Date of this Version

January 1997

Document Type

Book Chapter

Publication Details

Pre-print:

Rosita Dellios, (1997) 'Mandalas of Security', in Donald H. McMillen (ed.), Globalisation and Regional Communities: Geoeconomic, Sociocultural and Security Implications for Australia, USQ Press, Toowoomba, 1997, pp. 407-418.
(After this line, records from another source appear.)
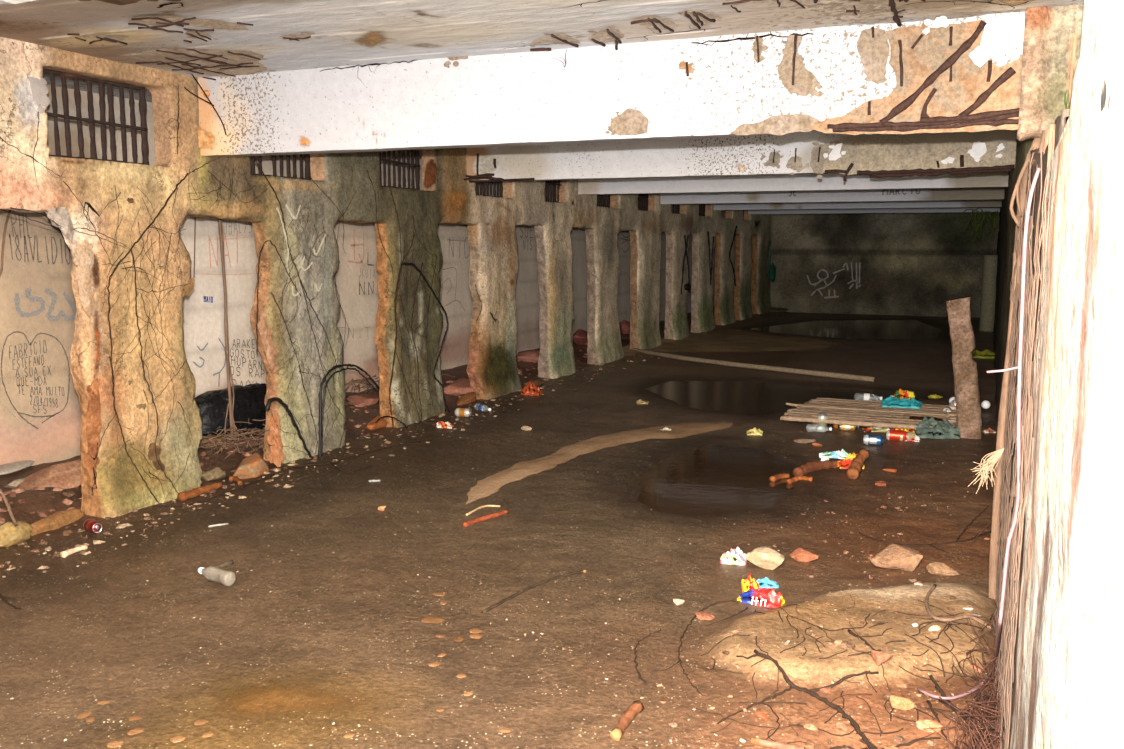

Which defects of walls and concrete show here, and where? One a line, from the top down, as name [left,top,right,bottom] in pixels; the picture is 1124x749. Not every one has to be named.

spalling [530,0,761,51]
peeling [679,61,695,80]
spalling [730,0,1022,181]
peeling [605,107,651,135]
spalling [47,207,95,318]
leakage [485,346,514,385]

Copyright © Donald McMillen, 1997.
Reproduced with permission.

Abstract

In employing the constructional metaphor of 'architectures' for the constructive purpose of security enhancement in the eastern Asian region, it is but a small step to 'indigenise' the process by slipping into the mentality of mandala-building. In doing so, it is to be hoped that Asian security 'architectures' will prove more acceptable and accessible to participants - and thus efficacious in their purpose. The mandala adds nothing new to the experience of Asian communities but redirects effort towards existing cultural orientations. In effect, it is a conceptual device for refining Western technostructures in ways more meaningful to the needs and expectations of Asian societies. There is nothing to prevent the 'security mandala' from being applied to other regions with differing cosmologies. After all, despite its Asian - particularly Indian and Tibetan - associations, the symbolism of the mandala is a cross-cultural phenomenon. The focus in this paper, however, will be on the Asian region.